I don't think it's getting away from the issue: we're still determining the set of issues present in the code.
It's very good to have unit tests, but full correctness of concurrent code is often difficult to test using unit tests. In this case, it seems that connections are eventually made (or not made in the case of unreachable IOCs). We don't only want the code to be only functionally correct (i.e., eventually establish connections), but we want it to implement an intended algorithm correctly to also achieve the desired performance characteristics in all cases. |
As for accommodating Matlab, looks like we don't need to worry about it any longer. The site which was most interested in using Matlab and PVAccess has also specifically not been interested in Java, so P4P might be more palatable anyway. |
step1 for fixing tcp connections delays, based on the discussion #3338
@jacomago: You were right that it can be solved per IP address. In fact, it seems it was already and furthermore it seems that the single-threaded version works when running it multi-threaded: #3348 (comment) |
As stated in the initial comment of this pull request, this pull request was intended as a starting point for a discussion. Since the discussion has resulted in the two pull requests #3345 and #3348, and since no discussion has taken place in this pull request for two weeks, I conclude that this pull request has served its purpose. I therefore close this pull request. |
We have encountered an issue where with an IOC that accepts UDP but drops TCP packets: when loading an OPI that contains a PV on the IOC in question, any PVs that have not been connected to yet show as being disconnected.

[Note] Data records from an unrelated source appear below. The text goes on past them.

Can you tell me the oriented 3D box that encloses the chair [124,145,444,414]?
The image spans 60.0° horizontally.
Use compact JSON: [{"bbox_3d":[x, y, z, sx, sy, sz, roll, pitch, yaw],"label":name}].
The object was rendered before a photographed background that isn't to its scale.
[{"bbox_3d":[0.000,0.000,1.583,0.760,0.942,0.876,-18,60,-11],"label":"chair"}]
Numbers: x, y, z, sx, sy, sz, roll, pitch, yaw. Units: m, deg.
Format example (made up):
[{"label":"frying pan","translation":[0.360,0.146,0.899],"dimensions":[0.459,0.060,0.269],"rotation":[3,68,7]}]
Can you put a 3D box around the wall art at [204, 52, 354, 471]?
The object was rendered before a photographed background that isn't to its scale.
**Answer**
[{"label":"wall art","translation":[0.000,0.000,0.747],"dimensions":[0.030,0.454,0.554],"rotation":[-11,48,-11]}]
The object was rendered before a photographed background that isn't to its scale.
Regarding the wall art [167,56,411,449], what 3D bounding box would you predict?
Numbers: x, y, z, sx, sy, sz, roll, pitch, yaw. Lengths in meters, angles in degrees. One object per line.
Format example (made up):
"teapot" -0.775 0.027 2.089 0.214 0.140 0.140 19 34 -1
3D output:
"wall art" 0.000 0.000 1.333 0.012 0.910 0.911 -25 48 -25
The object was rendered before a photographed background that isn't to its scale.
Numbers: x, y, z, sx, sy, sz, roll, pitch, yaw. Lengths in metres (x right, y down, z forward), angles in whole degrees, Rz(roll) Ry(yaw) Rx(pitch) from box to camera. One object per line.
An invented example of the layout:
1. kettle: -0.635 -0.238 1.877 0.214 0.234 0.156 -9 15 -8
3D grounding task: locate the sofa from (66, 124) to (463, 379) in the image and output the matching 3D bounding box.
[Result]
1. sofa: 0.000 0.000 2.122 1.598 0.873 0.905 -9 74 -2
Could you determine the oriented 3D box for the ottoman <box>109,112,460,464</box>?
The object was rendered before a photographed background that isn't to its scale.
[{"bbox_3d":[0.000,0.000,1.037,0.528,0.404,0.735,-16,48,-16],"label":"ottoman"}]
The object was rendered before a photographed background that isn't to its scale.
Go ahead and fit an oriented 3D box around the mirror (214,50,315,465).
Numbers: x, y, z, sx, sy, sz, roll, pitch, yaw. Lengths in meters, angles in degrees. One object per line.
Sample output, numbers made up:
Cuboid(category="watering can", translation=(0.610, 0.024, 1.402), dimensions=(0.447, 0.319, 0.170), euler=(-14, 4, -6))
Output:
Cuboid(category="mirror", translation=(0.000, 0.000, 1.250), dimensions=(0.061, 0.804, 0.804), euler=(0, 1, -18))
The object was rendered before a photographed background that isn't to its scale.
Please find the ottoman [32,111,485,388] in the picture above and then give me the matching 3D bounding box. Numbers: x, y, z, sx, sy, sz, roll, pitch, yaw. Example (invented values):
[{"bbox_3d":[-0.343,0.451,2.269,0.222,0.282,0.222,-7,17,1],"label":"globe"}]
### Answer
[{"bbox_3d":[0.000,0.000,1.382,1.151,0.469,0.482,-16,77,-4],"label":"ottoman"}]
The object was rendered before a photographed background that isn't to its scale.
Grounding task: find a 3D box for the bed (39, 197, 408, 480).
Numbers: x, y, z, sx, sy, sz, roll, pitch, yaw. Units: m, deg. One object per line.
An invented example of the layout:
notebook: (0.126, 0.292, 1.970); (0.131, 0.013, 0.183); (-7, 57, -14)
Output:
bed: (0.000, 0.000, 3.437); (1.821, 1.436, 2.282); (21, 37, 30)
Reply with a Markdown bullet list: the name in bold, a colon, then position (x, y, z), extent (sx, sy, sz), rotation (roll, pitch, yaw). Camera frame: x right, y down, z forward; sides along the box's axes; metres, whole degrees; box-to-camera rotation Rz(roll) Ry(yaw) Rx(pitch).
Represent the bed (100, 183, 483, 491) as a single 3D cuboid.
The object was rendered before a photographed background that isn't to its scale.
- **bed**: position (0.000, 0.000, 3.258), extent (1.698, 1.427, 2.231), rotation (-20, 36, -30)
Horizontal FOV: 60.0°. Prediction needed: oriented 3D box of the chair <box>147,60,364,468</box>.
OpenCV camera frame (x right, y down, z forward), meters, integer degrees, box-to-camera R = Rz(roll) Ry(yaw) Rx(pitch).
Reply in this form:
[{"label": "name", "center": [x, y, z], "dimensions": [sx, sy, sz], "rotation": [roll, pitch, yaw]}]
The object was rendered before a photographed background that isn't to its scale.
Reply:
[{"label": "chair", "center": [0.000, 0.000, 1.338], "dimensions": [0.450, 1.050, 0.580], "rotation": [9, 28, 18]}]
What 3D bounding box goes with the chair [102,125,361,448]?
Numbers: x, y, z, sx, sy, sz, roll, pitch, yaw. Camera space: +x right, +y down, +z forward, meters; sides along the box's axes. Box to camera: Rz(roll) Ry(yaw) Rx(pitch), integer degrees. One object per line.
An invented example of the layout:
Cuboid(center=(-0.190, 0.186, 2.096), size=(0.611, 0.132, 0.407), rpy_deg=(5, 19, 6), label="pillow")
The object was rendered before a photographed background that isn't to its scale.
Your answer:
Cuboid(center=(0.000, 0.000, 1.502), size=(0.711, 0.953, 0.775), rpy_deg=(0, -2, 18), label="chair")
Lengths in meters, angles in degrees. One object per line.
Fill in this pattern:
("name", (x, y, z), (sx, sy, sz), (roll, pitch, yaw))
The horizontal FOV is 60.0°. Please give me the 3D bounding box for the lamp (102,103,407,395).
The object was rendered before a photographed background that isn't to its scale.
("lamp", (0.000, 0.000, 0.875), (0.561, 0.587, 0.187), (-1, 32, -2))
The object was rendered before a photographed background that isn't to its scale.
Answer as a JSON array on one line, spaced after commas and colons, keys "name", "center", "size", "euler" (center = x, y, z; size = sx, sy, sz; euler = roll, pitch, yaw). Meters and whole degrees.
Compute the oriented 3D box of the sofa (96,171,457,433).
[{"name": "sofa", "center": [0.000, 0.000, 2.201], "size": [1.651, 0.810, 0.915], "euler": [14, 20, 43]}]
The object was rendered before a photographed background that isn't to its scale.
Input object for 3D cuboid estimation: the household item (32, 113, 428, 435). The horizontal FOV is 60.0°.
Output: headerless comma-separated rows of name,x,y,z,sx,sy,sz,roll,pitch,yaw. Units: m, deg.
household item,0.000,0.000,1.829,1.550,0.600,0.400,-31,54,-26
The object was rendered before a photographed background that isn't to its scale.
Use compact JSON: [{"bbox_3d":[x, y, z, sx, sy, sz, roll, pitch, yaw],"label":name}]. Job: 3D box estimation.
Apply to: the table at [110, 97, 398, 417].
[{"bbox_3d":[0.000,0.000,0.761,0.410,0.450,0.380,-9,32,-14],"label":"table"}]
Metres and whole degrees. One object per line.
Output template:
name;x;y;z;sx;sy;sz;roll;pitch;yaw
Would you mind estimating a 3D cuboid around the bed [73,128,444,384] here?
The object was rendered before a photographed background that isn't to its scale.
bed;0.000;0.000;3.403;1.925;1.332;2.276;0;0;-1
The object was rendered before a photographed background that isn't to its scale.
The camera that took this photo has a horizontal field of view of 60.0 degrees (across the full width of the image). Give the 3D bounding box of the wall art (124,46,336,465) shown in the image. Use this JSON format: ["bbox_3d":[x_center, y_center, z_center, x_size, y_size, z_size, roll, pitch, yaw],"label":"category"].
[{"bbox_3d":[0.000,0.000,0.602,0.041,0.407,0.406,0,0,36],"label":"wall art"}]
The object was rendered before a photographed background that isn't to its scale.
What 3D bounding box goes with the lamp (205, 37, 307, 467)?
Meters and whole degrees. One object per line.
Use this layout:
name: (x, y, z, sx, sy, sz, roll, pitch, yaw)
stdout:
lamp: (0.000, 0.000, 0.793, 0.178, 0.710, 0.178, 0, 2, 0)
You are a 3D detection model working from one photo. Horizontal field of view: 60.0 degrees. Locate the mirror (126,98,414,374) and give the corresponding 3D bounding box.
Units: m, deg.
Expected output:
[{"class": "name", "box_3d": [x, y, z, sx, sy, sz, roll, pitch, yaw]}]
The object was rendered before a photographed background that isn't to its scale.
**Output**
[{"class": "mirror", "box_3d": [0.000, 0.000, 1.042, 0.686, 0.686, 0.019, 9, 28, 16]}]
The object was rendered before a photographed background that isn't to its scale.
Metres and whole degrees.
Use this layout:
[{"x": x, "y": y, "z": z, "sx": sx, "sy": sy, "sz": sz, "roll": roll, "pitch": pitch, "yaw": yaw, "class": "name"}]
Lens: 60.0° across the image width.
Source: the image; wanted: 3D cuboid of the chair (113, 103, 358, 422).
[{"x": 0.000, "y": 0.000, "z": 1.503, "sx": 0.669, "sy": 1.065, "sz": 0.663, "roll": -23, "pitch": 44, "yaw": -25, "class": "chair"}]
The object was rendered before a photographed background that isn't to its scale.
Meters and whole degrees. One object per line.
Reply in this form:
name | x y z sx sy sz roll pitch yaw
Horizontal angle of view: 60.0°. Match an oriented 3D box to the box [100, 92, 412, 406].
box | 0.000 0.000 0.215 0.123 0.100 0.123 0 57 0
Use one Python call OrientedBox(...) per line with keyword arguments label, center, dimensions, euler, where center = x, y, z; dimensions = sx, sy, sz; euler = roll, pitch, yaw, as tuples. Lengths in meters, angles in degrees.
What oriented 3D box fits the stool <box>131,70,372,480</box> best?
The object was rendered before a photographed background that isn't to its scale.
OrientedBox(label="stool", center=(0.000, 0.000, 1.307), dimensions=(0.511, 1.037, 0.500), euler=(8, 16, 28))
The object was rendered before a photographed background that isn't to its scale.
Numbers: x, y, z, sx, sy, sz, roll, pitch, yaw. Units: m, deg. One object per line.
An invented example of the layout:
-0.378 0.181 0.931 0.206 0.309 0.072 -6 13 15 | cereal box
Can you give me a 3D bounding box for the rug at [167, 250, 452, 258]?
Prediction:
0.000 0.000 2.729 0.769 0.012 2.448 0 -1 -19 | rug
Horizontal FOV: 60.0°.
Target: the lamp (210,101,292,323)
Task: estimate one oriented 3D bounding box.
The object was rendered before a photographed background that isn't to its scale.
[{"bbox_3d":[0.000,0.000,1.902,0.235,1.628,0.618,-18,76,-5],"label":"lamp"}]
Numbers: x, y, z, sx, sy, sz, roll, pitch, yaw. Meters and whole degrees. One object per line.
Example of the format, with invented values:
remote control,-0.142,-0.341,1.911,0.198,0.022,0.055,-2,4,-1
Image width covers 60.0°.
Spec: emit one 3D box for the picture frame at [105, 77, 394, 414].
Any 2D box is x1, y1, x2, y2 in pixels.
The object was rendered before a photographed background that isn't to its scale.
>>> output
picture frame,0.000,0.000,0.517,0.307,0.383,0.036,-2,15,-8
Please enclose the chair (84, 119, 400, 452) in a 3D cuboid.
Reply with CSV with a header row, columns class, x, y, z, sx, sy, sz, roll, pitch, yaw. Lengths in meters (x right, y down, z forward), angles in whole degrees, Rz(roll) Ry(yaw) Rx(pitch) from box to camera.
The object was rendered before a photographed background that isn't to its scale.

It appears that the reason is that the code that connects over TCP after receiving a UDP response to a search query gets stuck waiting for the TCP connection to be established. It appears that this code runs on a single thread, and that as a consequence the TCP connections to subsequent IOCs are not established.
This pull request calls the code to establish the TCP connection on a separate thread. Please note that I do not know this code base, and that this pull request is meant as a starting point for a discussion and perhaps as inspiration for a real fix. In particular, I don't know which parts of the code are thread-safe and in which way. This has to be considered carefully.
I can reproduce the issue by the following steps:
@kasemir, I would like to ask whether you think that this looks like a plausible fix for the error that we have observed?